Najbardziej cenią Sasnala

Renomowany magazyn sztuki współczesnej ” Flash Art” ogłosił nazwiska 100 najważniejszych młodych artystów świata. W dwóch osobnych ankietach krytyków i marszandów pierwsze miejsce zajął Wilhelm Sasnal, 34-letni malarz i autor filmów.Jego twórczość mieści się między figuracją a abstrakcją, między pop-artem a ekspresją. W europejskich galeriach jego obrazy kosztują ok. 20 tys. euro. Oprócz Sasnala na liście „Top 100” znaleźli się: Monika Sosnowska, Paweł Althamer, Piotr Uklański i Artur Żmijewski. Na zdjęciach Wilhelm Sasnal i jego obraz „Dziecko”.

Wilhelm Sasnal ma 34 lata, urodzony w Tarnowie. Malarz, rysownik, filmowiec, autor komiksów. W rankingu ” Flash Art” (wpływowy magazyn sztuki współczesnej) znalazł się na czele listy 100 najwybitniejszych artystów świata. Ankieta dotyczyła twórców młodych (do 35. roku życia) i najbardziej rozchwytywanych. Wytypowali go, niezależnie od siebie, krytycy i szefowie galerii. Na 100 możliwych głosów od krytyków dostał 97, od marszandów 78.

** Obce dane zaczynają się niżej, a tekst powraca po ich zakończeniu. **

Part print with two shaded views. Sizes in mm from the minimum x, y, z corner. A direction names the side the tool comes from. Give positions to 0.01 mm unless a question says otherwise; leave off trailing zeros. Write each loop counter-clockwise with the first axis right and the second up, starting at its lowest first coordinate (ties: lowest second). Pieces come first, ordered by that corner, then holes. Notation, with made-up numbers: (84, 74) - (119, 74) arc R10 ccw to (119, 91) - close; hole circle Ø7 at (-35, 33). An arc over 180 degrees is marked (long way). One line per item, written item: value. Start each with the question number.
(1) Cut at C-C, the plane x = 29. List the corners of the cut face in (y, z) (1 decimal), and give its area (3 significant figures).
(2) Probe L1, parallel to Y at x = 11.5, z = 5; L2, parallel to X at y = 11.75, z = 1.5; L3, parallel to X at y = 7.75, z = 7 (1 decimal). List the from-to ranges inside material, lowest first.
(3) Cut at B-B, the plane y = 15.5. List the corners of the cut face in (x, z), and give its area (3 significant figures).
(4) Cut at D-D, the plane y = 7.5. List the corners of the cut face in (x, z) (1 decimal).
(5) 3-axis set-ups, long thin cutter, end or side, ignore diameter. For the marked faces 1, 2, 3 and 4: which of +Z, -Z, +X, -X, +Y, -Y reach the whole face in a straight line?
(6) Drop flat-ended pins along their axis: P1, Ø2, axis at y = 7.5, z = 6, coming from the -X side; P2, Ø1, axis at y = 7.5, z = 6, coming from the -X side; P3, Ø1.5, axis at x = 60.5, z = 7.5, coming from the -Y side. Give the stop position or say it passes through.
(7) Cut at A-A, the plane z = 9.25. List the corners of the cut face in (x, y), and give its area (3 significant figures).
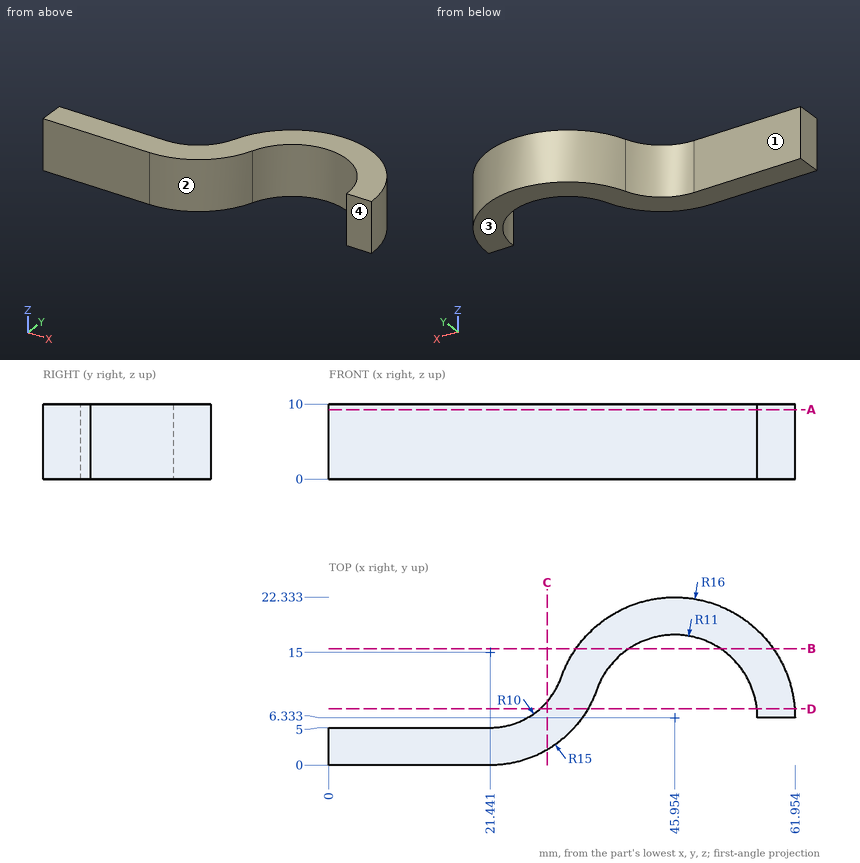
Answers follow:
1. outline: (2, 0) - (8.5, 0) - (8.5, 10) - (2, 10) - close
1. area: 64.1 mm²
2. L1: y = 0 to 5
2. L2: x = 30.9 to 36.38, 55.53 to 61.01
2. L3: x = 28.3 to 34.6, 56.9 to 61.9
3. outline: (32.84, 0) - (39.87, 0) - (39.87, 10) - (32.84, 10) - close; (52.03, 0) - (59.07, 0) - (59.07, 10) - (52.03, 10) - close
3. area: 141 mm²
4. outline: (28.1, 0) - (34.4, 0) - (34.4, 10) - (28.1, 10) - close; (56.9, 0) - (61.9, 0) - (61.9, 10) - (56.9, 10) - close
5. face 1: +Z, -Z, -X, +Y
5. face 2: +Z, -Z, -Y
5. face 3: -Z, +X, -X, +Y, -Y
5. face 4: +Z, -Z, +X, -Y
6. P1: stops at x = 26.71
6. P2: stops at x = 27.44
6. P3: stops at y = 6.33
7. outline: (0, 0) - (21.44, 0) arc R15 ccw to (35.58, 10) arc R11 cw to (56.95, 6.33) - (61.95, 6.33) arc R16 ccw to (30.87, 11.67) arc R10 cw to (21.44, 5) - (0, 5) - close
7. area: 373 mm²

Jestem sceptyczny wobec tego typu rankingów mówi twórca. Zresztą, nie mam pojęcia, dlaczego spotkał mnie ten honor. Dla mnie jedyną miarą, którą mierzę pracę, jest szczerość. Być może to właśnie zostało docenione.

Studiował w krakowskiej Akademii Sztuk Pięknych; dyplom obronił w 1999 r. Współzałożyciel i członek Grupy Ładnie (1996 2001). Masowym odbiorcom znany za sprawą komiksu „Życie codzienne w Polsce” (pokazującego w obrazkach rok z życia autora i jego rodziny) oraz cotygodniowych rysunków w „Przekroju”. Mieszkał w Tarnowie, ostatnio przeniósł się do Krakowa. Już w czasie studiów współpracował z najbardziej prężnymi krajowymi galeriami (Zderzak, Raster); nadal utrzymuje kontakty z Rastrem i Fundacją Galerii Foksal.

Jeden z pierwszych polskich artystów, którzy przeszli do „stajni” zagranicznych marszandów obecnie reprezentuje go (oprócz dwóch polskich) pięć galerii: z Nowego Jorku, Berlina, Kolonii, Zurychu i Londynu. Od pięciu lat jego obrazy są w kolekcji Saatchi. W tym miesiącu ma wystawy jednocześnie w pięciu miastach: w Londynie, Antwerpii, Amsterdamie, Monachium i Osace. W Polsce jego płótna kosztują około 20 tys. euro. W ubiegłym miesiącu na aukcji w Nowym Jorku sprzedano jego pracę za 204 tys. dolarów.